Resource Collection

In order for nextstrain.org to handle URLs with @YYYY-MM-DD identifiers the server needs to be aware of which files exist, including past versions. In the future this data will also be used to list and display all available resources (and their versions) to the user.

The index location is set by the env/config variable RESOURCE_INDEX. The RESOURCE_INDEX must be either a β€œs3://” address or a local file path. If the file is located on S3 it must be gzipped. The server loads this index at start time and refreshes it hourly. The nextstrain.org testing & production configs currently set this to s3://nextstrain-inventories/resources.json.gz.

Resource collections can be ignored by the server by setting the env variable RESOURCE_INDEX="false" or by omitting it from your configuration JSON.

Local index generation

The resource index may be regenerated locally, see node ./resourceIndexer/main.js --help for details. By default, this will access S3 manifest files in order to create the index (see necessary AWS permissions below), however you can use local copies of the (S3) manifest + inventory for a smoother development experience.

To save a local copy of the latest S3 manifest & inventory: ` mkdir -p devData node ./resourceIndexer/main.js --save-inventories ... `

This will create ./devData/core.manifest.json and ./devData/core.inventory.csv.gz for the core (nextstrain-data) source and ./devData/staging.manifest.json and ./devData/staging.inventory.csv.gz for the staging source. Alternately you can manually obtain a suitable manifest and inventory from s3://nextstrain-inventories

To generate the index using these local files run the indexer with the --local flag.

Using a local index

Set the env variable RESOURCE_INDEX to point to the local JSON file when you run the server.

Automated index generation

The resource collection index is rebuilt every night via a GitHub action running from this repo.

This approach should be revisited when (if) we start indexing private data, especially for the potential of the GitHub action logging sensitive information which will be publicly visible.

AWS settings necessary for resource collection

The index creation, storage and retrieval requires certain AWS settings which are documented here as most of them are not under terraform control. We use S3 inventories to list all the documents in certain buckets (or bucket prefixes) which are generated daily by AWS. The index creation script will download these inventories and use them to create an index JSON which it uploads to S3. The nextstrain.org server will access this JSON from S3.

S3 inventories

We currently produce inventories for the core (s3://nextstrain-data) and staging (s3://nextstrain-staging) buckets which are generated daily and published to s3://nextstrain-inventories. The s3://nextstrain-inventories bucket is a private bucket with versioning enabled. The inventory configuration can be found in the AWS console for core and staging. The config specifies that additional metadata fields for last modified and ETag are to be included in the inventory. The inventories for core & staging are published to s3://nextstrain-inventories/nextstrain-data/config-v1 and s3://nextstrain-inventories/nextstrain-staging/config-v1, respectively.

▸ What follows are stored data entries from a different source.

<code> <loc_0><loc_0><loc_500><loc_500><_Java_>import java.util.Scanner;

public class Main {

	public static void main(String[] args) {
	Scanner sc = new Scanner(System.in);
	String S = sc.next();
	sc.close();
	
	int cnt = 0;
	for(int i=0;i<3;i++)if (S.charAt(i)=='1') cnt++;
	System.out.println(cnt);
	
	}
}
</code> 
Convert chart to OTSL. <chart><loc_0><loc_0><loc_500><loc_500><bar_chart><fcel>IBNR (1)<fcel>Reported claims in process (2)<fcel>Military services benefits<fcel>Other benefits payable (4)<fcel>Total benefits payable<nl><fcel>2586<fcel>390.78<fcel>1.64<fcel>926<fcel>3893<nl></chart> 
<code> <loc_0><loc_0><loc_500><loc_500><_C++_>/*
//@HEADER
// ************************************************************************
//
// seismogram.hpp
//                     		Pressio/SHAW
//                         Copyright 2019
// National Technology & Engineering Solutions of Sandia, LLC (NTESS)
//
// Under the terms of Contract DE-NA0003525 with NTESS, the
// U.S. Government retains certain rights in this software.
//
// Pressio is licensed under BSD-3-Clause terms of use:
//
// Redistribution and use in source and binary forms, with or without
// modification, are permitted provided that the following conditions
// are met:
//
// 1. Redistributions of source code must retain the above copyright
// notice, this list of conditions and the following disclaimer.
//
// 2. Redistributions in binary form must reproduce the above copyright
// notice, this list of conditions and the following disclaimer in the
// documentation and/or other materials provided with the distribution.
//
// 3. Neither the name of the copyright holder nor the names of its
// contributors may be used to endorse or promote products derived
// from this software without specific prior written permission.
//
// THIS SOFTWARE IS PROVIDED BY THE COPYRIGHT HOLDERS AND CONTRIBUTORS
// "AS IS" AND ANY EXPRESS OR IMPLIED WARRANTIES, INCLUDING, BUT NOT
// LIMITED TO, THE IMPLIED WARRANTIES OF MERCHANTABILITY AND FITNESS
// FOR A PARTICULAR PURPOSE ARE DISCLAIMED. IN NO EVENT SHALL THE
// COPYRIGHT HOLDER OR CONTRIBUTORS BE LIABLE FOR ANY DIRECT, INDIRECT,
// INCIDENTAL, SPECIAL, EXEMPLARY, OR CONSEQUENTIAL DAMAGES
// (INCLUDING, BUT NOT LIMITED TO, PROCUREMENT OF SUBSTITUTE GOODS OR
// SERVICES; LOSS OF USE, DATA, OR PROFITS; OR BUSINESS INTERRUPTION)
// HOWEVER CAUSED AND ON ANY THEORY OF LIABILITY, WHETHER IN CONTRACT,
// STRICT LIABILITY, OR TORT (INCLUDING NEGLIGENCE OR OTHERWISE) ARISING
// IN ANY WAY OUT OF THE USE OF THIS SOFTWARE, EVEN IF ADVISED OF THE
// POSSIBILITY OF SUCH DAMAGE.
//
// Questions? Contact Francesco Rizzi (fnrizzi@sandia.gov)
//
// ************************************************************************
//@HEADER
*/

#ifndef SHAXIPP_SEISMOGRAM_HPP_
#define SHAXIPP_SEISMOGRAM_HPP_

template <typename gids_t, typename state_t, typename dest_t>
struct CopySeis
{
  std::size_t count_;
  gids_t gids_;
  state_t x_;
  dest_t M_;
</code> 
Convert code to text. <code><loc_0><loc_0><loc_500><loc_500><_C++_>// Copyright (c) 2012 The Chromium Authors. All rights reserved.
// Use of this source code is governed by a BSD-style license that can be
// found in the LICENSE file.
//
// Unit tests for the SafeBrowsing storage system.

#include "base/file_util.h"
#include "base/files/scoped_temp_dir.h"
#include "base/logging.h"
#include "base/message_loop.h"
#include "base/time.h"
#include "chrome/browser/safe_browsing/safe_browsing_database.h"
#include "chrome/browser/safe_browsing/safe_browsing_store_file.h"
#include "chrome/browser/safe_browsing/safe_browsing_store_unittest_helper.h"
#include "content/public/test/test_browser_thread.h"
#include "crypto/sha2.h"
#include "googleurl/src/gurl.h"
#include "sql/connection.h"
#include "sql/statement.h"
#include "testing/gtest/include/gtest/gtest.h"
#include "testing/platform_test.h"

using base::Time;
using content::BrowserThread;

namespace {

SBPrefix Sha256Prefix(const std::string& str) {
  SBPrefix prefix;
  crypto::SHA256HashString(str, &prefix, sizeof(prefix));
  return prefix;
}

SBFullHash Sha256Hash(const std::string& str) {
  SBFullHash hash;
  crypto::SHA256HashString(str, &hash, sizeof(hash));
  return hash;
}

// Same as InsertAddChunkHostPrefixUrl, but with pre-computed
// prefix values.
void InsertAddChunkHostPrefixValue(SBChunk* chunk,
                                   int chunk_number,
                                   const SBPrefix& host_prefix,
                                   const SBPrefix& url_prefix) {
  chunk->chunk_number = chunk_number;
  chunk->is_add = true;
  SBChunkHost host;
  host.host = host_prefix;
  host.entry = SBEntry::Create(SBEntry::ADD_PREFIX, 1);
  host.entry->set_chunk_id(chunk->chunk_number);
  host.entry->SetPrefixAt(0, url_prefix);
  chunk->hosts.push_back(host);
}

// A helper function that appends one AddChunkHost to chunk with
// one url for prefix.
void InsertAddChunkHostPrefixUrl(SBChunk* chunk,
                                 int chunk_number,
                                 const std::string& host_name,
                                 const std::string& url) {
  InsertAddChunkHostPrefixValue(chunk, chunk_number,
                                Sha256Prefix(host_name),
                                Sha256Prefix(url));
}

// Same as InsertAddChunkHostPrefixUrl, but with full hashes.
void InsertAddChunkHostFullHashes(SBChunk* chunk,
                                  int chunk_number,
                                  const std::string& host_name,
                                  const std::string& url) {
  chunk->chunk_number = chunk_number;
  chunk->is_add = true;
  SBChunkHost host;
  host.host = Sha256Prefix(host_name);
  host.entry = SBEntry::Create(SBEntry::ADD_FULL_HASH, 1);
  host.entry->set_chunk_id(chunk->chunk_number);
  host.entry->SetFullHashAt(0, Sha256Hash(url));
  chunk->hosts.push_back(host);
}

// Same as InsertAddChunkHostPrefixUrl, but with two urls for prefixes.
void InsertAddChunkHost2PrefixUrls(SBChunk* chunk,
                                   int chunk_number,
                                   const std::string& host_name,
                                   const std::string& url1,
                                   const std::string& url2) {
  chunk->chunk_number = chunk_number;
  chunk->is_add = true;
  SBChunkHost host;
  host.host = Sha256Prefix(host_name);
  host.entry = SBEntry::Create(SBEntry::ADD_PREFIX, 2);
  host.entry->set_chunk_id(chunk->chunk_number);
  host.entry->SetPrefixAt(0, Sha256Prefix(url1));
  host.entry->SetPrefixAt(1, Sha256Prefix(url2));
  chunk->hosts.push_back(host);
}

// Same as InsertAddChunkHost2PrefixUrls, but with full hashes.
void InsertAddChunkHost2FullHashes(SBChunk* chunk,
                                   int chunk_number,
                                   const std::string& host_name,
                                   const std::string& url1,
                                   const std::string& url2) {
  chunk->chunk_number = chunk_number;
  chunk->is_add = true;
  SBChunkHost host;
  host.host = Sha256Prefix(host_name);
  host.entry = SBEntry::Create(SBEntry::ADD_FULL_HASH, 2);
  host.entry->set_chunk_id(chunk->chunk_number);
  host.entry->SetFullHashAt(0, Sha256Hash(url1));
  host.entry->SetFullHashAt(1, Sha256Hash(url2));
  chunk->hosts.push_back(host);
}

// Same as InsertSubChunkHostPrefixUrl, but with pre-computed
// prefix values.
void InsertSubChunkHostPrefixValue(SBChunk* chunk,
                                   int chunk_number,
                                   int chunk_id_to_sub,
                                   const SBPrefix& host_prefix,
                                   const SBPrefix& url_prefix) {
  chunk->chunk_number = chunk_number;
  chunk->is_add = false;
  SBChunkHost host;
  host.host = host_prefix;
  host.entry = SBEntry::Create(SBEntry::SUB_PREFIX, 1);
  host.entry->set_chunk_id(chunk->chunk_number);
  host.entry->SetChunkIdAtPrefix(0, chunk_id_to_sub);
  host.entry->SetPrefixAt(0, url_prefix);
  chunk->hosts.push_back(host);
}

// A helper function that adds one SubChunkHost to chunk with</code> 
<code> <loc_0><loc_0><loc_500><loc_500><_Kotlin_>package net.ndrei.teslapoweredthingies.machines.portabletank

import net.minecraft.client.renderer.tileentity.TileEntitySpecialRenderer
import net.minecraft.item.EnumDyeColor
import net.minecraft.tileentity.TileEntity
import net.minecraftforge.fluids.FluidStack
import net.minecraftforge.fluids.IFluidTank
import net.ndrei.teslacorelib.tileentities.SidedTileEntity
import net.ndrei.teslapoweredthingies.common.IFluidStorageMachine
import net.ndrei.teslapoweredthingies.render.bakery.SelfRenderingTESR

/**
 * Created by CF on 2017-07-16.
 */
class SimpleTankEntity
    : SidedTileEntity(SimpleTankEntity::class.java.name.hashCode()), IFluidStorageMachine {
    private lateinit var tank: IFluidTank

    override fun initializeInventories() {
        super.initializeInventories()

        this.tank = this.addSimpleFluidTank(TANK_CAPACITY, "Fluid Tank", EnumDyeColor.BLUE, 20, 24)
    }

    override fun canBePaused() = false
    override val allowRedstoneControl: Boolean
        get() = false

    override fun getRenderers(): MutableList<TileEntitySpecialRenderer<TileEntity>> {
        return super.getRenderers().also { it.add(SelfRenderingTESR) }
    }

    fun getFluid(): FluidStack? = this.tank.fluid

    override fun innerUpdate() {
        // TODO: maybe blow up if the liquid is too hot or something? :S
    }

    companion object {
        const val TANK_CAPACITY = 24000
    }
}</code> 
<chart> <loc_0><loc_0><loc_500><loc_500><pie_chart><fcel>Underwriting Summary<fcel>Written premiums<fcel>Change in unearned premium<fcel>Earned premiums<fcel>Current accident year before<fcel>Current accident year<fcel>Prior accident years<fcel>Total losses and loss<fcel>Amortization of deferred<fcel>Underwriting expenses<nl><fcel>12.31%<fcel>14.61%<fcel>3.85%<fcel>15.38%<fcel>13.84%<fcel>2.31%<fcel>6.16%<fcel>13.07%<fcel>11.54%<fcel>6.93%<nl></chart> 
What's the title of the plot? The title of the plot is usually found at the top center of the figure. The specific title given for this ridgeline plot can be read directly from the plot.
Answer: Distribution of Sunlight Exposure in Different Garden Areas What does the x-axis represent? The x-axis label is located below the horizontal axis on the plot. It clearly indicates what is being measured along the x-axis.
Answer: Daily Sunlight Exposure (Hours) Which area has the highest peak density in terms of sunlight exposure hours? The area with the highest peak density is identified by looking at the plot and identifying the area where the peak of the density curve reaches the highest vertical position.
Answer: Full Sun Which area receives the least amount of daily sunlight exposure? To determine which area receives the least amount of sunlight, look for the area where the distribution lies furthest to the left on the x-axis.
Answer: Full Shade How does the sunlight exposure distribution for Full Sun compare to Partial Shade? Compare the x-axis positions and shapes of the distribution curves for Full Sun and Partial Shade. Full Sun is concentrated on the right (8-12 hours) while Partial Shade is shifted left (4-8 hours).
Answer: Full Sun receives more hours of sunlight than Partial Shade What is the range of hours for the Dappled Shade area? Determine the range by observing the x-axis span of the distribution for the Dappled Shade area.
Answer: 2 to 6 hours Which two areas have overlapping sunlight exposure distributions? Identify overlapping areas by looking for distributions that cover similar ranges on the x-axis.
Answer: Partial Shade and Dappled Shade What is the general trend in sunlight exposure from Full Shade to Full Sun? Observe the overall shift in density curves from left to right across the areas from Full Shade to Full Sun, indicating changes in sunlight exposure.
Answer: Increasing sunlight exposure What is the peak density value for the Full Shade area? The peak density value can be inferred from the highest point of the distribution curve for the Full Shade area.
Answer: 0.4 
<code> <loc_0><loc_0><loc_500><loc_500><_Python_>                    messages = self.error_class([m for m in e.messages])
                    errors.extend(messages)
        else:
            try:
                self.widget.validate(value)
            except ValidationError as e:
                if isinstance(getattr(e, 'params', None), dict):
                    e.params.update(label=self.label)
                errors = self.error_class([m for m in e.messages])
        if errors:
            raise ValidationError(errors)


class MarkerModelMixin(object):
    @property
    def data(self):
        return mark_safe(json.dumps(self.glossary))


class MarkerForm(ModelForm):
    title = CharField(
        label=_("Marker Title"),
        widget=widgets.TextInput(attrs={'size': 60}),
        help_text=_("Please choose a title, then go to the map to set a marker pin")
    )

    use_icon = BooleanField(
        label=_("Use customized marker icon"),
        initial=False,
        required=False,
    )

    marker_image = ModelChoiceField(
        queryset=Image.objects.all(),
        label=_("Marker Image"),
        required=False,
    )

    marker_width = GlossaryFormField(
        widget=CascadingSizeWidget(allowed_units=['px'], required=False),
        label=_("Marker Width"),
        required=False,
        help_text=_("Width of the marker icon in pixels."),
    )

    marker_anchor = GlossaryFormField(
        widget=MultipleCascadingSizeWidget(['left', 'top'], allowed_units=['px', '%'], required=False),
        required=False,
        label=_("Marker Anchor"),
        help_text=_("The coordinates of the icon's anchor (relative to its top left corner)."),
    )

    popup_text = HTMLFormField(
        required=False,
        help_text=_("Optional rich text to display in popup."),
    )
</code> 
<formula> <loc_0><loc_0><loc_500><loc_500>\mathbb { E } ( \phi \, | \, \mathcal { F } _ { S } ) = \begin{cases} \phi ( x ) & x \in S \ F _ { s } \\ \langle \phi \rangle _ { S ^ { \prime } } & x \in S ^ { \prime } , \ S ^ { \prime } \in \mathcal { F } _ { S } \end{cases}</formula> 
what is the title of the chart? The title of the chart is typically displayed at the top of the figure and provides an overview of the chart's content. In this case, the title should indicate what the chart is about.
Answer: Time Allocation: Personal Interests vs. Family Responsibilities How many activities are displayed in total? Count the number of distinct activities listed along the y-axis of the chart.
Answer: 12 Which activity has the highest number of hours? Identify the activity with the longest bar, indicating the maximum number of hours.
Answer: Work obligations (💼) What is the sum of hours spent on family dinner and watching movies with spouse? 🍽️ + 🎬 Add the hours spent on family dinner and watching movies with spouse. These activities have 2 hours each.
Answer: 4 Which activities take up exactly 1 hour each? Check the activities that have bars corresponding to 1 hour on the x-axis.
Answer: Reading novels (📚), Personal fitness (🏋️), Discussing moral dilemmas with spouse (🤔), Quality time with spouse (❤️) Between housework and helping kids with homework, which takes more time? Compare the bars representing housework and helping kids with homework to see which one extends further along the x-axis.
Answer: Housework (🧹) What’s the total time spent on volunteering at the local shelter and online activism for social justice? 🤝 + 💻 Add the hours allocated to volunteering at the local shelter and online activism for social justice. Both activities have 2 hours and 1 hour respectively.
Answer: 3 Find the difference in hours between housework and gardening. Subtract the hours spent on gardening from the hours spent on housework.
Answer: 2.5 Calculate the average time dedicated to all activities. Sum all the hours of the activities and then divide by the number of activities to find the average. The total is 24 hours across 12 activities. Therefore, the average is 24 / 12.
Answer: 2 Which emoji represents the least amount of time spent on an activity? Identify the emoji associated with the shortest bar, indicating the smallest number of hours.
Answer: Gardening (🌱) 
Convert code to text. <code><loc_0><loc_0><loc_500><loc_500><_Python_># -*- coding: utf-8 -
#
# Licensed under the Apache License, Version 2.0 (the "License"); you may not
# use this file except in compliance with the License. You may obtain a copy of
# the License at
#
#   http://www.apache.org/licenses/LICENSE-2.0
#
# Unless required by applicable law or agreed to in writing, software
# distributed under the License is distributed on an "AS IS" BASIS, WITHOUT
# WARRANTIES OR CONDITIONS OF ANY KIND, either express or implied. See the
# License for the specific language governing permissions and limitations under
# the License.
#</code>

The cost of these is minimal (less than $1/bucket/year).

A lifecycle rule on the s3://nextstrain-inventories bucket (console link) marks inventory-related files as deleted 30 days after they are created, and permanently deletes them 7 days later.

Index creation (Inventory access and index upload)

Automated index generation

The GitHub action assumes necessary AWS permissions via the IAM role GitHubActionsRoleResourceIndexer which is obtained using OIDC. This role uses permissions from the IAM policy NextstrainResourceIndexer to list & read the S3 inventories, as well as upload the new index.

Local index generation for development purposes

For local index generation (e.g. during development) you will need IAM credentials which can list and get objects from s3://nextstrain-inventories; if you want finer scale access for local index creation, you can restrict access to certain prefixes in that bucket - for instance nextstrain-data/config-v1 and nextstrain-staging/config-v1 correspond to core and staging buckets, respectively.

To upload the index you will need write access for s3://nextstrain-inventories/resources.json.gz. Note that if your aims are limited to local development purposes this is not necessary (see `Local development`_).

Index backups

The nextstrain-inventories bucket is version enabled so past versions of s3://nextstrain-inventories/resources.json.gz are available.

A lifecycle rule on the s3://nextstrain-inventories bucket (console link) permanently deletes past versions of this file 30 days after it became noncurrent (i.e. it was replaced with a new upload of the index.)

Index access by the server

IAM users nextstrain.org and nextstrain.org-testing, which are under terraform control, have read access to s3://nextstrain-inventories/resources.json.gz via their associated policies.